- TASK REQUIREMENTS: For the word "track", count the lines of the data that include it and give only the total.

Start of Block

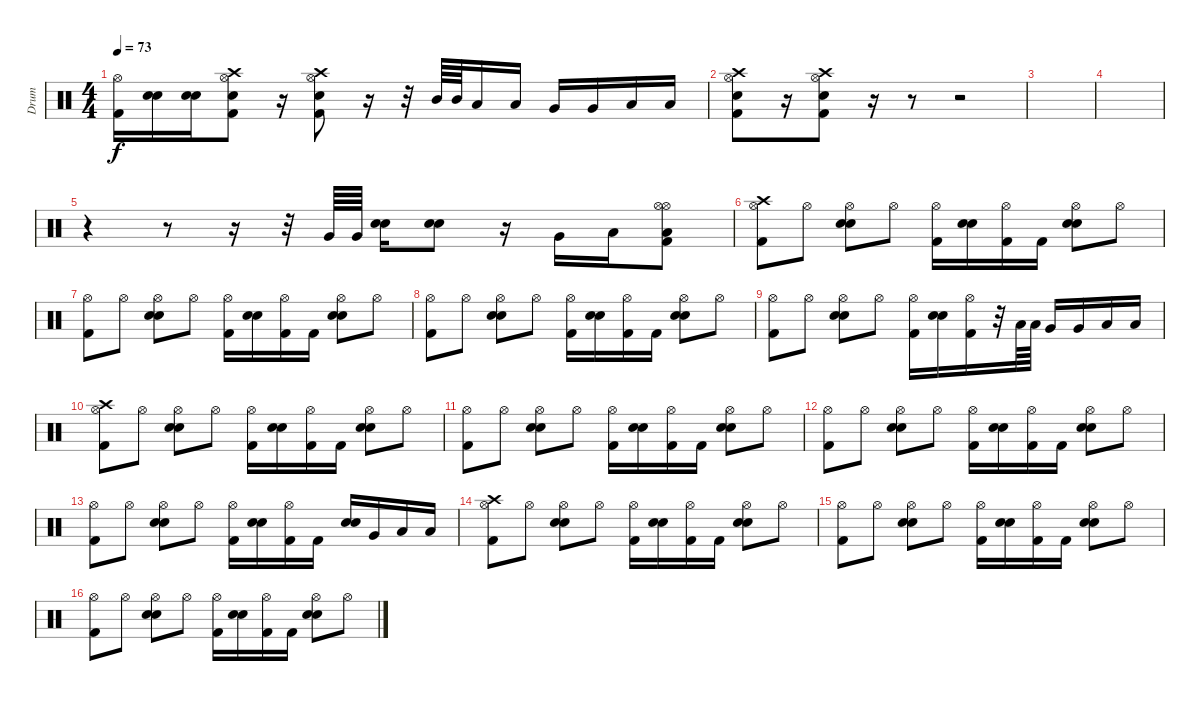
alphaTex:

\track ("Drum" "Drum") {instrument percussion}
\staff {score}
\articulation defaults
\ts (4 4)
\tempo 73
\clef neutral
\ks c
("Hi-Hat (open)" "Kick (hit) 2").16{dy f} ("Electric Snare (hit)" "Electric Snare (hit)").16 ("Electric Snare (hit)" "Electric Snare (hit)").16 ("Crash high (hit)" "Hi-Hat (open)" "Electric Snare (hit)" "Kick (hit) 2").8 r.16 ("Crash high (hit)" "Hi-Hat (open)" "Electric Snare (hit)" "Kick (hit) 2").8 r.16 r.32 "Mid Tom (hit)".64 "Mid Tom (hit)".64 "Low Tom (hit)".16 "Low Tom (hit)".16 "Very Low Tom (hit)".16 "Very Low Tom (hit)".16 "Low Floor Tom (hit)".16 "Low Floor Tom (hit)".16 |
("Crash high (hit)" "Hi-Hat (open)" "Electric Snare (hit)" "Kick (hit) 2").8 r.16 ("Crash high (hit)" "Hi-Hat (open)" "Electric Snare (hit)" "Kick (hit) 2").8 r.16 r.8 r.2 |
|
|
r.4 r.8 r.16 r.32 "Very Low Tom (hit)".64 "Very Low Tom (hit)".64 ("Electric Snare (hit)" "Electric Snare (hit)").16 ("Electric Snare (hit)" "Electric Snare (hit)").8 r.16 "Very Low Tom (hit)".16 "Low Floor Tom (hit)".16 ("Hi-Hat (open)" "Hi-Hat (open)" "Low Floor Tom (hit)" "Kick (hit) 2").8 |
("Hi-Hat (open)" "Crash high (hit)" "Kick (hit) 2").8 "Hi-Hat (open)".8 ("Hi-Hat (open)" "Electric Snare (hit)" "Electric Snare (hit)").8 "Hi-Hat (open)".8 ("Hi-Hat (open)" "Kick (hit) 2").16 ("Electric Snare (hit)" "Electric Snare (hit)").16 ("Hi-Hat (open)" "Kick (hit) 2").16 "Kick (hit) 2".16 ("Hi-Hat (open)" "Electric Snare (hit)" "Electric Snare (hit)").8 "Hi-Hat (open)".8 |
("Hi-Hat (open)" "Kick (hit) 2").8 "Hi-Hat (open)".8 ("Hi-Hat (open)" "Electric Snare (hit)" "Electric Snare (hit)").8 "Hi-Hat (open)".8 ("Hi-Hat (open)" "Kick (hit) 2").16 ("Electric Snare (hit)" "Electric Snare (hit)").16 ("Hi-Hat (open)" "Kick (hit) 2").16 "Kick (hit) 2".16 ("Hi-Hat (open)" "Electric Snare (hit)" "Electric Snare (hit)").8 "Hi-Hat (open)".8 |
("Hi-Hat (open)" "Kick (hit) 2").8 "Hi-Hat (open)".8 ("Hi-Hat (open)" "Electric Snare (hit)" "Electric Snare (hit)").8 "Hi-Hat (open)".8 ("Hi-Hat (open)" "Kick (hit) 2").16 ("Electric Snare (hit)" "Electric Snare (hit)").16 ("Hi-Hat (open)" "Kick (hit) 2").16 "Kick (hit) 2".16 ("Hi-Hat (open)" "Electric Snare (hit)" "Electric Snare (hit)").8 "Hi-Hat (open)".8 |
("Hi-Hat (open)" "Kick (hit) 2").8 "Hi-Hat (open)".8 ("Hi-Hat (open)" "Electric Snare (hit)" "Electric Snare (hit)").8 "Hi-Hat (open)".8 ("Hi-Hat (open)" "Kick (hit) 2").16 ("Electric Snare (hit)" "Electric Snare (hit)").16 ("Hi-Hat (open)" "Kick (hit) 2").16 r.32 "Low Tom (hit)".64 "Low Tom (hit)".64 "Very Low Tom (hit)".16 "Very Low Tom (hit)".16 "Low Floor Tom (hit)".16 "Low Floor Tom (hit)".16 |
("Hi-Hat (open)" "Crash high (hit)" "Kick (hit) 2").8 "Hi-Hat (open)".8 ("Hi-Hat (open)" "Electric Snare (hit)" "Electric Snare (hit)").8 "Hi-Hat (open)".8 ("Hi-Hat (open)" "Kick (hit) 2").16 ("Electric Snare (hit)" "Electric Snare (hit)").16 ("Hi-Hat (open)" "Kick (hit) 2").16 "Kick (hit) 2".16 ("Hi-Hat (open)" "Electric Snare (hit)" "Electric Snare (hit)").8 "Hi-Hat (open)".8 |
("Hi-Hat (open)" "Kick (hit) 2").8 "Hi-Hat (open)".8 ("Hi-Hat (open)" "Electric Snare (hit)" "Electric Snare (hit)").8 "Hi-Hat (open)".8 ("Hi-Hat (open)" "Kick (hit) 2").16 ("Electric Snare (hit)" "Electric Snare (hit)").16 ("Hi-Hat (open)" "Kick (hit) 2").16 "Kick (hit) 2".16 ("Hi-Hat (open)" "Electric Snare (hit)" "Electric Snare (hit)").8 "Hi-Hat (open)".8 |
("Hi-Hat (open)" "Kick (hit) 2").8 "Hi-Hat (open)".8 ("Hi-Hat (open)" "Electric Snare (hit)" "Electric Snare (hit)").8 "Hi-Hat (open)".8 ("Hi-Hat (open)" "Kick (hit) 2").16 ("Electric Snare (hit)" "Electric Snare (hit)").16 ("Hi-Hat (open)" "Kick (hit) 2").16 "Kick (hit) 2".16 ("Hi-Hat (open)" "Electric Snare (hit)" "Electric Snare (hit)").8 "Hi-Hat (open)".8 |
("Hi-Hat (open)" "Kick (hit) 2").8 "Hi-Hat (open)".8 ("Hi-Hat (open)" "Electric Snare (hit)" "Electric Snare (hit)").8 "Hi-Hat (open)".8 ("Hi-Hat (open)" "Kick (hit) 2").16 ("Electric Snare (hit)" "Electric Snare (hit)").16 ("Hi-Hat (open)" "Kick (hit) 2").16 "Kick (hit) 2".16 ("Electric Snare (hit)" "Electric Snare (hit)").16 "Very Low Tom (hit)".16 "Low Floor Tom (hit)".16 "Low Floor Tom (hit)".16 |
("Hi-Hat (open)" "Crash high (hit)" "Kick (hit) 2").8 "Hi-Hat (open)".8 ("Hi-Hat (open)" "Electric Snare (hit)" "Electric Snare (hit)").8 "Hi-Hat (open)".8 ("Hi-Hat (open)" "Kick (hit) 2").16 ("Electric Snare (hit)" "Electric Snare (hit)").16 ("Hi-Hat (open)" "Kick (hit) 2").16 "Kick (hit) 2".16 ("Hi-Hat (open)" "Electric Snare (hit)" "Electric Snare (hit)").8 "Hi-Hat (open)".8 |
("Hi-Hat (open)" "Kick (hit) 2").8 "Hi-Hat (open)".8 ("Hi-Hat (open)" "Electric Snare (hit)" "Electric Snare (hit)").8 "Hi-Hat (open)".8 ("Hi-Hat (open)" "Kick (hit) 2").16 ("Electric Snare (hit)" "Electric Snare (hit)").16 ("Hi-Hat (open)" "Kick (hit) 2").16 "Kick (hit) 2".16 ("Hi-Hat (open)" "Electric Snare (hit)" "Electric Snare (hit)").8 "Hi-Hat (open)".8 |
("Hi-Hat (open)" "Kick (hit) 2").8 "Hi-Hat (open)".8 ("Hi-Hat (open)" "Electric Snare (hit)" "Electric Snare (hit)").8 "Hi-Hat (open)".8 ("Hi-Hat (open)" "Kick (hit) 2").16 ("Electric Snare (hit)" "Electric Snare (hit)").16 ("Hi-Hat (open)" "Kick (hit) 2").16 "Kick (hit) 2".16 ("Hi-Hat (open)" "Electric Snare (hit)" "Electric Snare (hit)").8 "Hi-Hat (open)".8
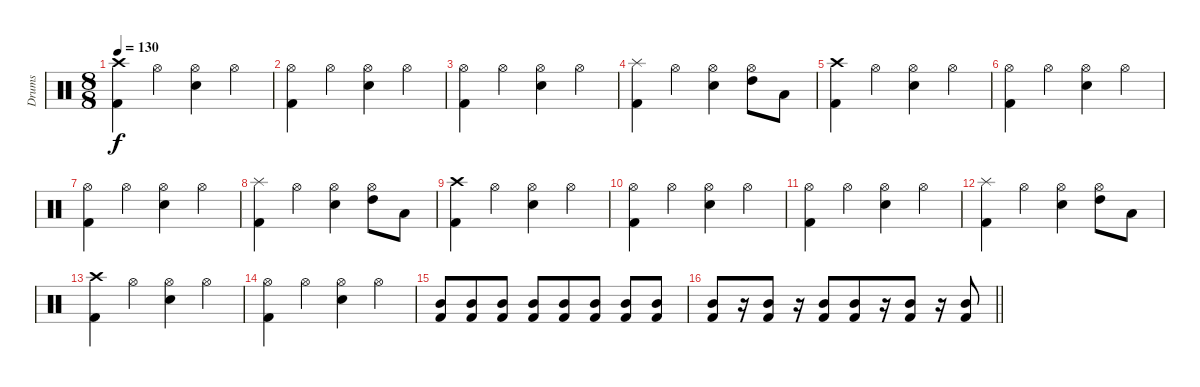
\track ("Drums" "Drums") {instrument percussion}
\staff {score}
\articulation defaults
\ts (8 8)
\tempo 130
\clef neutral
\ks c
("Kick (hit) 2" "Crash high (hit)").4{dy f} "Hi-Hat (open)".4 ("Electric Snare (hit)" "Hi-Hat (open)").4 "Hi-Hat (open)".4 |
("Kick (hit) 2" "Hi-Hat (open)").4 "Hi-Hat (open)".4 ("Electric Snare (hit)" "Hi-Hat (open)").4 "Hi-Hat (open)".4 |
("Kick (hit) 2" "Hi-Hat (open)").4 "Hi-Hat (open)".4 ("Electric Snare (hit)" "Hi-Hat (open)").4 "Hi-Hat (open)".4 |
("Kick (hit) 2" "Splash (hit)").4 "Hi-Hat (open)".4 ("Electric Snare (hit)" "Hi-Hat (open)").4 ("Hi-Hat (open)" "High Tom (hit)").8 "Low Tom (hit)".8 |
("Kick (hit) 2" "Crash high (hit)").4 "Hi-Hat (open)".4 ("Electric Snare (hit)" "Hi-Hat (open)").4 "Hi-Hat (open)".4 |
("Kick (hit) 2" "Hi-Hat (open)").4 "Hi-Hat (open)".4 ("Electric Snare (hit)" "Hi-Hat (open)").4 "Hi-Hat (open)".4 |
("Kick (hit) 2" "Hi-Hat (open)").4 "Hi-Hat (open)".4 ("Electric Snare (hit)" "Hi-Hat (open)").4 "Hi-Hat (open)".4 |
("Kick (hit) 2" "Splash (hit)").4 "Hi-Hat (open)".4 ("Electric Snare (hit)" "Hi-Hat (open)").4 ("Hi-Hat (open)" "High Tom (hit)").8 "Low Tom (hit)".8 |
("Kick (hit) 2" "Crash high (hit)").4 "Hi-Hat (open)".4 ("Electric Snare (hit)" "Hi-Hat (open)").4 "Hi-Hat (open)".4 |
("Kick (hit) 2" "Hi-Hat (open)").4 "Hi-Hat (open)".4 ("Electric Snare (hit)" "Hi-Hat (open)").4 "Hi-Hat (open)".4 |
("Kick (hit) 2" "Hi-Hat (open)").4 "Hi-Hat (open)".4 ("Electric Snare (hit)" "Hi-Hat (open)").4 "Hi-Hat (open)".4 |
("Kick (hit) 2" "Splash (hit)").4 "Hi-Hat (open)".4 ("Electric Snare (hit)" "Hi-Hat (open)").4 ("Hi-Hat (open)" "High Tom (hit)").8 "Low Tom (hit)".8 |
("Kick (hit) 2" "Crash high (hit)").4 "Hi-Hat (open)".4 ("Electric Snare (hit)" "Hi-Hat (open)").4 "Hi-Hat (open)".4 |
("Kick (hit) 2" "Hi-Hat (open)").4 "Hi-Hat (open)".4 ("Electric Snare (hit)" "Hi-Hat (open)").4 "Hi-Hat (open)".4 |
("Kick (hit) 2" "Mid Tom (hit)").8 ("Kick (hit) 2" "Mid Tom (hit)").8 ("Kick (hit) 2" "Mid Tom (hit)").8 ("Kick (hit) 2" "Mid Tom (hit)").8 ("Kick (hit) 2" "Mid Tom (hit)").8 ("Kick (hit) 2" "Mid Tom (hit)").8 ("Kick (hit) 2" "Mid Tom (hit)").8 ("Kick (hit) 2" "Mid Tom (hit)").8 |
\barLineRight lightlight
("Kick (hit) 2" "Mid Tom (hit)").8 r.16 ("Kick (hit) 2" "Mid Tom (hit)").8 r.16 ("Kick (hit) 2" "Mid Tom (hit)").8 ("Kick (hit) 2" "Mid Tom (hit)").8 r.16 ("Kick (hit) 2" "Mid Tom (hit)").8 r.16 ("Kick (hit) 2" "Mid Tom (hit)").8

End of Block

- TASK ANSWER: 2